[Input]:
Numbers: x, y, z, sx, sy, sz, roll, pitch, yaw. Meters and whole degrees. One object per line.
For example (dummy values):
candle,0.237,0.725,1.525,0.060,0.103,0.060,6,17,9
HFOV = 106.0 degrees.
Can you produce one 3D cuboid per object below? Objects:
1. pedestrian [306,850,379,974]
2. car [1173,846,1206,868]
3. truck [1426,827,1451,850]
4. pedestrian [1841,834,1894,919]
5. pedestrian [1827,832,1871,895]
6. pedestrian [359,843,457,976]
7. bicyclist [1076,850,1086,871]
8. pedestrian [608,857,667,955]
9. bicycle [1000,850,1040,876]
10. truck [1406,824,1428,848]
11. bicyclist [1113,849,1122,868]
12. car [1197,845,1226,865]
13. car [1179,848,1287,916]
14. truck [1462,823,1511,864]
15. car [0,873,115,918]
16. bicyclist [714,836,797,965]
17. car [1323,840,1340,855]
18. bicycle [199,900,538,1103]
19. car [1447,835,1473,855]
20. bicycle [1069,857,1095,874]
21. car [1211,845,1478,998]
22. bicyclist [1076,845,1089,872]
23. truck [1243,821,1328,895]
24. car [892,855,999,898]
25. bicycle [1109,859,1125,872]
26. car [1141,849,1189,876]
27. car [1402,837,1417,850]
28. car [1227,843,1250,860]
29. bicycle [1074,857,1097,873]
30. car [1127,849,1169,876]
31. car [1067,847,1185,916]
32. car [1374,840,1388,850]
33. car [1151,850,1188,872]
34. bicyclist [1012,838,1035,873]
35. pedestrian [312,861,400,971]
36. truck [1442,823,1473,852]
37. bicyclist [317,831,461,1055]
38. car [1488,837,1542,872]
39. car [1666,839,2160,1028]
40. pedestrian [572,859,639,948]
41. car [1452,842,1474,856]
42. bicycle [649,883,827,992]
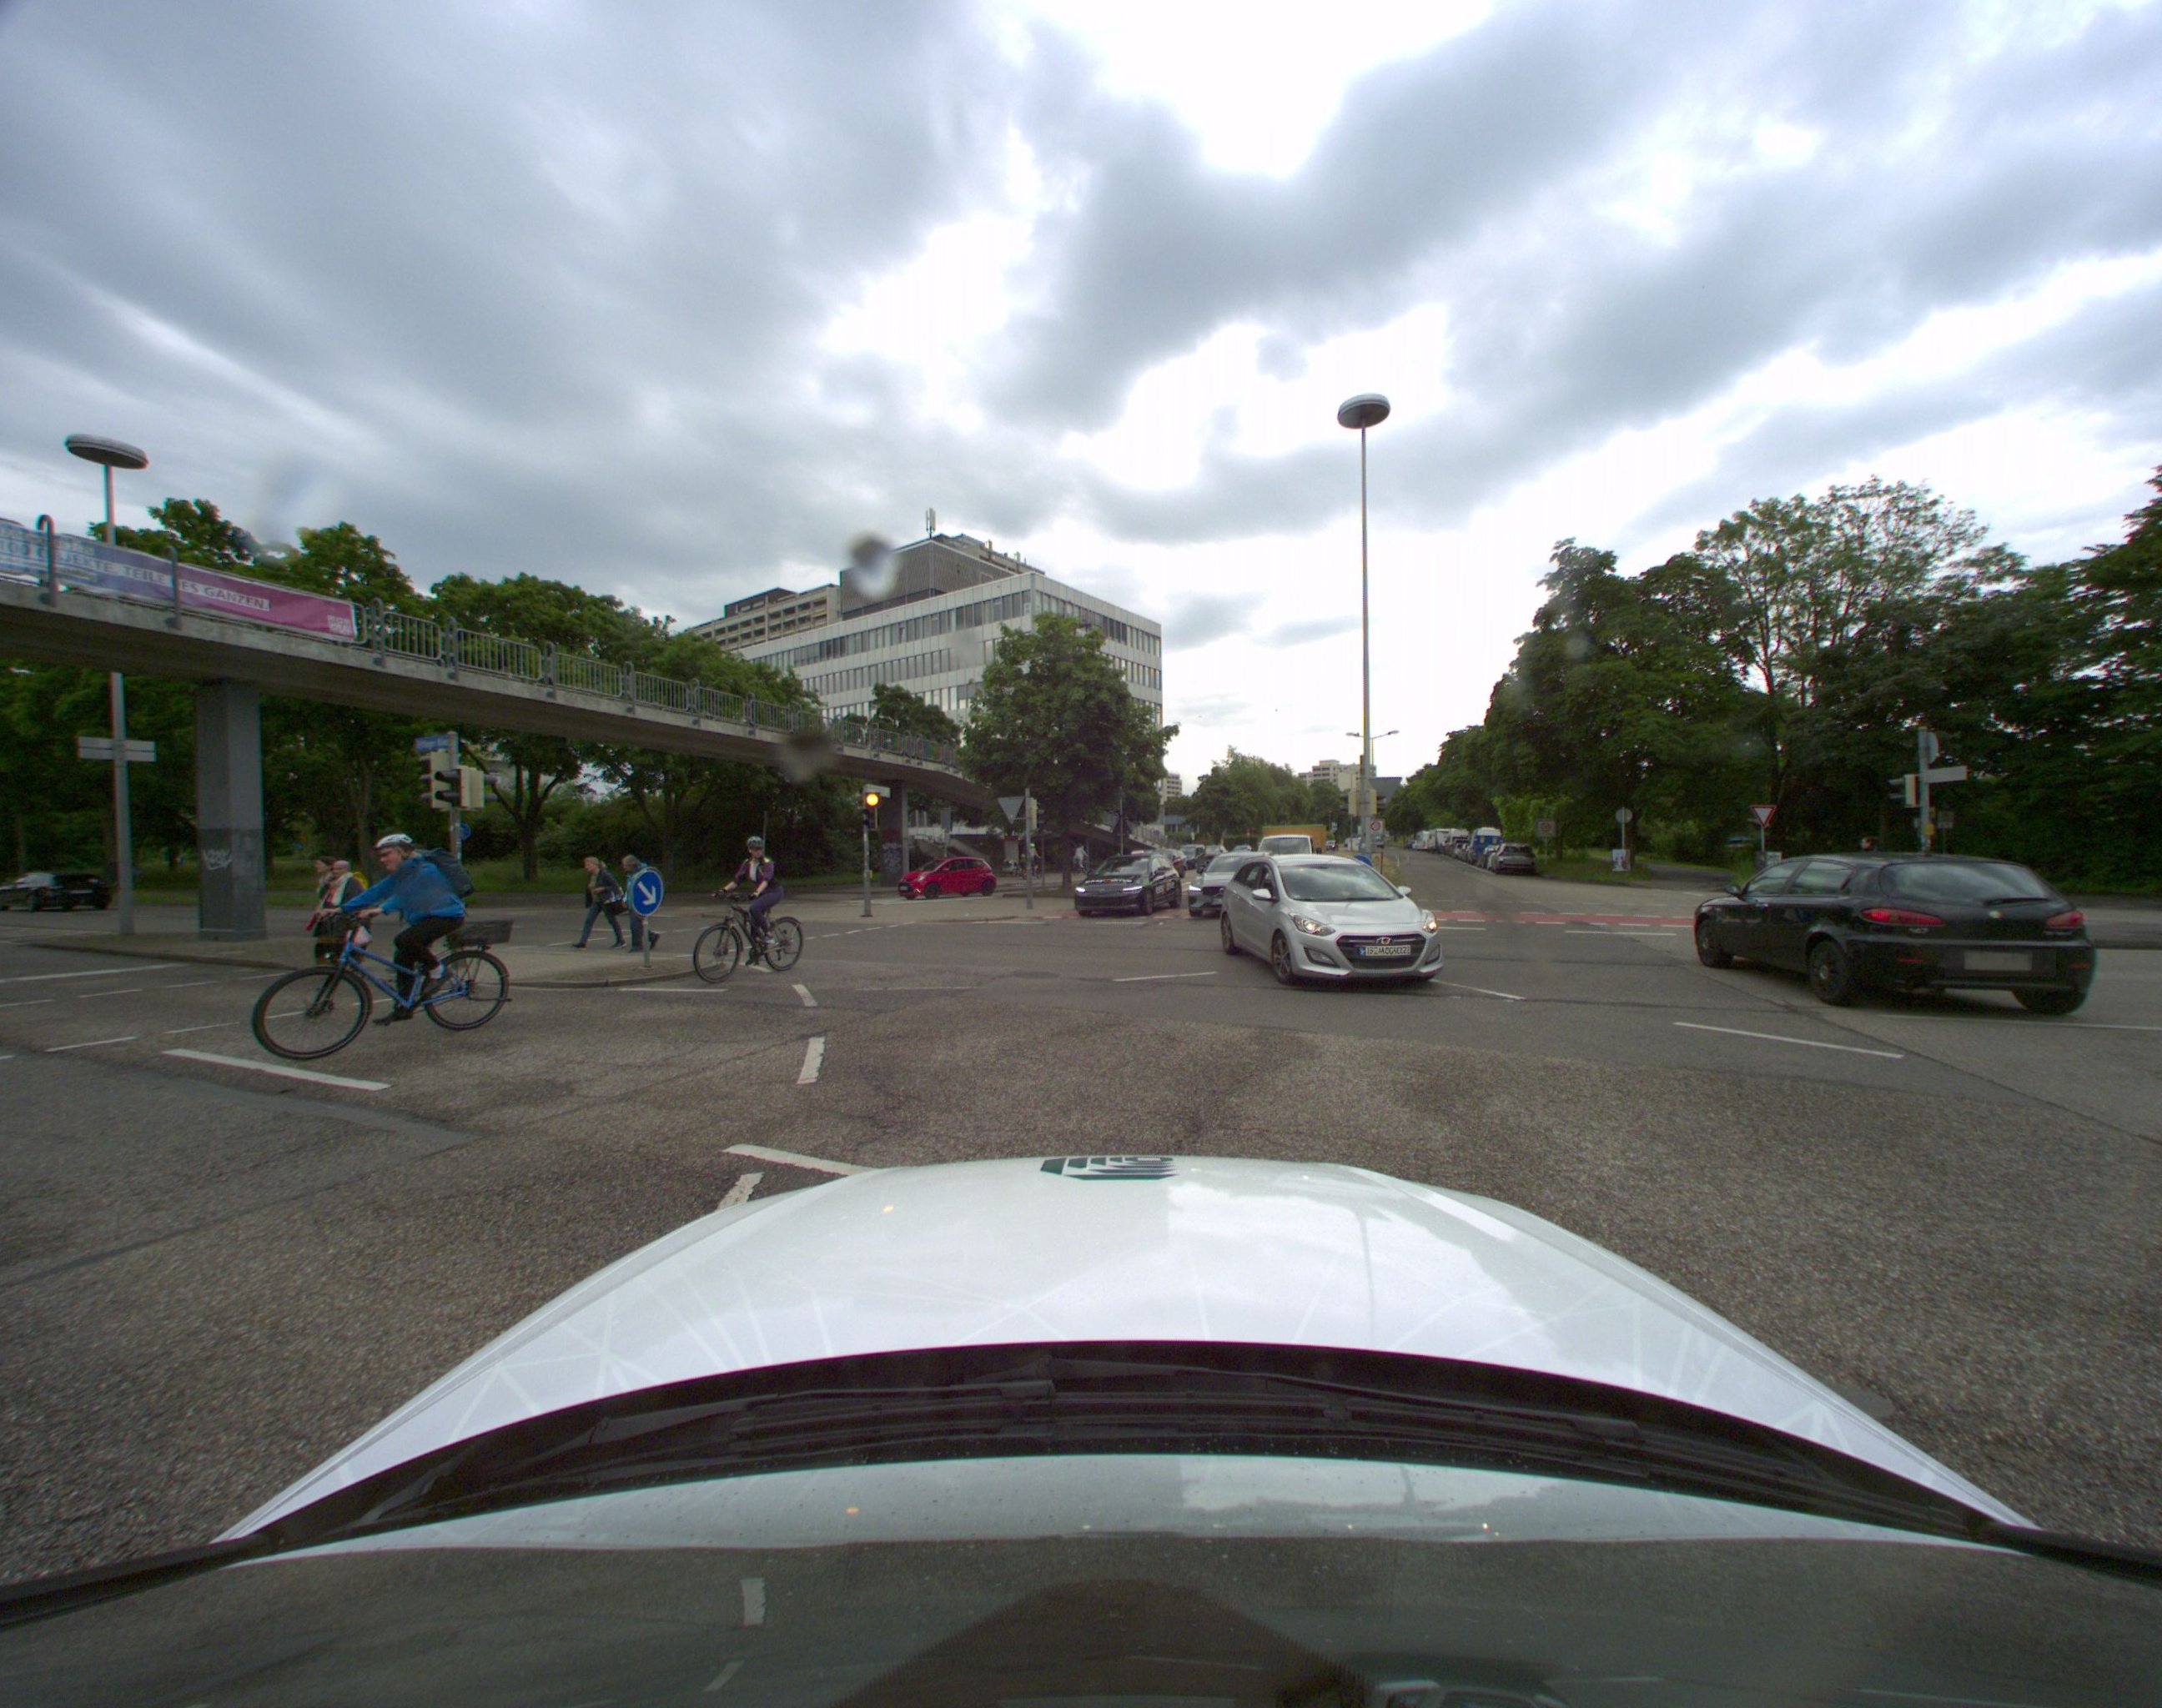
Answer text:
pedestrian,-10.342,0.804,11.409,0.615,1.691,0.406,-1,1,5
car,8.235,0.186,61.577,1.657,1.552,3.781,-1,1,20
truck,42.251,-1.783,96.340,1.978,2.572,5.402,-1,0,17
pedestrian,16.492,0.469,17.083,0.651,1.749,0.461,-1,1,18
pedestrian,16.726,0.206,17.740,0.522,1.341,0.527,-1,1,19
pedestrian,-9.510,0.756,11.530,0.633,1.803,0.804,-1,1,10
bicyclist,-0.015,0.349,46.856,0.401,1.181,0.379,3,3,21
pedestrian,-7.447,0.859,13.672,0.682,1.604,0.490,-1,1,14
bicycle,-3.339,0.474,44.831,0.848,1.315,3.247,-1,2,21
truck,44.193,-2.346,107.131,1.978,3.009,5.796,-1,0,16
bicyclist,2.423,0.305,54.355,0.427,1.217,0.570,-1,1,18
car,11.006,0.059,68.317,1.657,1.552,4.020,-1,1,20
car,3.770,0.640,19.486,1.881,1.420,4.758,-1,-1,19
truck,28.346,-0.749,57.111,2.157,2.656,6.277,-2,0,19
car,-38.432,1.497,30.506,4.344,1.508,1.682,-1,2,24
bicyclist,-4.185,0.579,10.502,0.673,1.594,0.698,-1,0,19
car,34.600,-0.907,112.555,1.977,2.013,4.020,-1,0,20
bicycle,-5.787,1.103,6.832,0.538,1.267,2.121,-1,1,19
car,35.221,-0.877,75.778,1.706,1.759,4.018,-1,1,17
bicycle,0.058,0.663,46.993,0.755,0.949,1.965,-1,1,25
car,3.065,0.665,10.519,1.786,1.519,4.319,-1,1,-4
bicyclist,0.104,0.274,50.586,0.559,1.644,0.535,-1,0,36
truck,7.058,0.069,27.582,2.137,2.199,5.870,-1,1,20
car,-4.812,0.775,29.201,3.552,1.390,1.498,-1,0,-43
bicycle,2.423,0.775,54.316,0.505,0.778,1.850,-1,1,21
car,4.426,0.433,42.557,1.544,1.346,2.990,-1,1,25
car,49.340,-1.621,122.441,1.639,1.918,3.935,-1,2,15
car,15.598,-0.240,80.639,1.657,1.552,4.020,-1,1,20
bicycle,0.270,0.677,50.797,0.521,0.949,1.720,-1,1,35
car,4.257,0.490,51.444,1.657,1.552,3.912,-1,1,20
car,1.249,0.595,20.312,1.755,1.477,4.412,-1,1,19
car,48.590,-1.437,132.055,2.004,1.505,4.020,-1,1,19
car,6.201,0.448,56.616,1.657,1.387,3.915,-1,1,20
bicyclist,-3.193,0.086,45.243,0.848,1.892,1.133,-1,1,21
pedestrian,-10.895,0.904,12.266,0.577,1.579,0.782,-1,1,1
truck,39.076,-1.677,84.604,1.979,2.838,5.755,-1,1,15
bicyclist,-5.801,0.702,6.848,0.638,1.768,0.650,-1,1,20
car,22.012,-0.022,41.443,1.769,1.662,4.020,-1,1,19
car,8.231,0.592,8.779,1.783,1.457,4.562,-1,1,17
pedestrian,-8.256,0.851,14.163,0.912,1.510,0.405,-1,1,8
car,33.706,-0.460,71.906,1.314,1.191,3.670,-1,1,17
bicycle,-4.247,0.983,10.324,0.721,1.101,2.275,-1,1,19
---
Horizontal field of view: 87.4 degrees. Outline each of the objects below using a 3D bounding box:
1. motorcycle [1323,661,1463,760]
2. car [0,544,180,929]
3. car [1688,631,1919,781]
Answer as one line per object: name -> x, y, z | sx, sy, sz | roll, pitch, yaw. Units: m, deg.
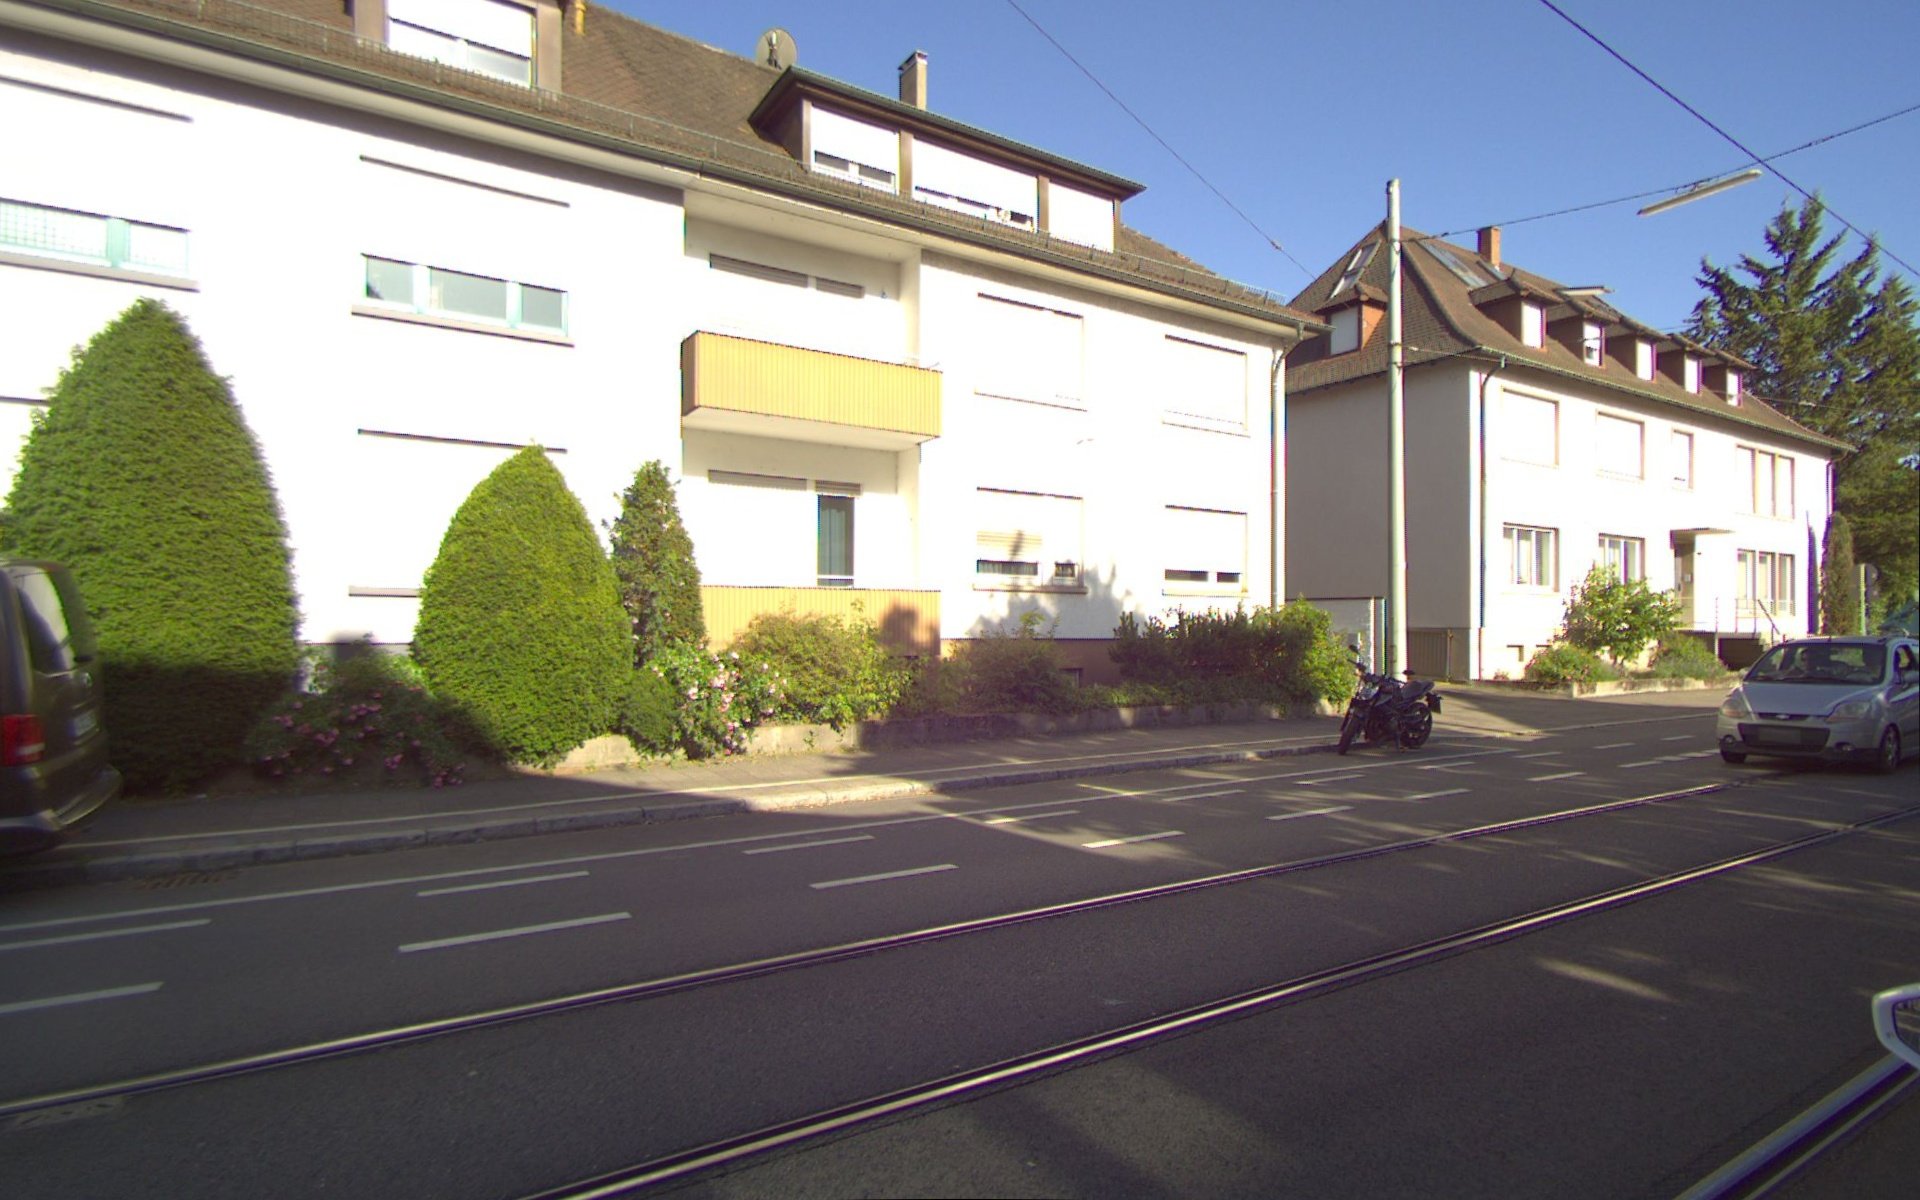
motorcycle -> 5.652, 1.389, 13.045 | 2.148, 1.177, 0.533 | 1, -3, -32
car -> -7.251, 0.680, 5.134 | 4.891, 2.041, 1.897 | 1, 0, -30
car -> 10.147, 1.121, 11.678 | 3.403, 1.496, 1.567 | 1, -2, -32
==
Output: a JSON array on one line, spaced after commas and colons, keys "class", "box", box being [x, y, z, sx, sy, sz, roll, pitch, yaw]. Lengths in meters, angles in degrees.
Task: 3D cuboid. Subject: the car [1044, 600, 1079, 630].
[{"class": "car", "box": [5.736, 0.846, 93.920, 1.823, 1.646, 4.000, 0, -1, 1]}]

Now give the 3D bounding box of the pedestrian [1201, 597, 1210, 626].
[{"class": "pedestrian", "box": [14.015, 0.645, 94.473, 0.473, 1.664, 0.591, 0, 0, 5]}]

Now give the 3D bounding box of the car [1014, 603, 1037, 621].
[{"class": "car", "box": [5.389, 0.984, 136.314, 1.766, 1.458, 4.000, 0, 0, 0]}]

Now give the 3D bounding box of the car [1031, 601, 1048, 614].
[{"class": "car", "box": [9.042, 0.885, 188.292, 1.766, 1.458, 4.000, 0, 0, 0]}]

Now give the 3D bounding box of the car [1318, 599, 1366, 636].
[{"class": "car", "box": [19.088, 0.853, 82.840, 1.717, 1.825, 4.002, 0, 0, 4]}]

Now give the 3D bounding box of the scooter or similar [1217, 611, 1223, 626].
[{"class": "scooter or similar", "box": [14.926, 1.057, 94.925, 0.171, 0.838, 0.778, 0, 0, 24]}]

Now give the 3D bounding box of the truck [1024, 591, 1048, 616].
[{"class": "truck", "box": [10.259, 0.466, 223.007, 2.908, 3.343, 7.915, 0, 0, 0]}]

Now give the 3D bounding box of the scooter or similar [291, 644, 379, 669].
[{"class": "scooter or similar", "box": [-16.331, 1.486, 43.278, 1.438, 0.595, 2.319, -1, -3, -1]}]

[Task]:
For the lines above, output exactly those from the line containing "Numbers: x, y, z, sx, sy, sz, roll, pitch, yaw." through the line containing "8. pedestrian [608,857,667,955]", and skip the others.

[Your solution]:
Numbers: x, y, z, sx, sy, sz, roll, pitch, yaw. Meters and whole degrees. One object per line.
For example (dummy values):
candle,0.237,0.725,1.525,0.060,0.103,0.060,6,17,9
HFOV = 106.0 degrees.
Can you produce one 3D cuboid per object below? Objects:
1. pedestrian [306,850,379,974]
2. car [1173,846,1206,868]
3. truck [1426,827,1451,850]
4. pedestrian [1841,834,1894,919]
5. pedestrian [1827,832,1871,895]
6. pedestrian [359,843,457,976]
7. bicyclist [1076,850,1086,871]
8. pedestrian [608,857,667,955]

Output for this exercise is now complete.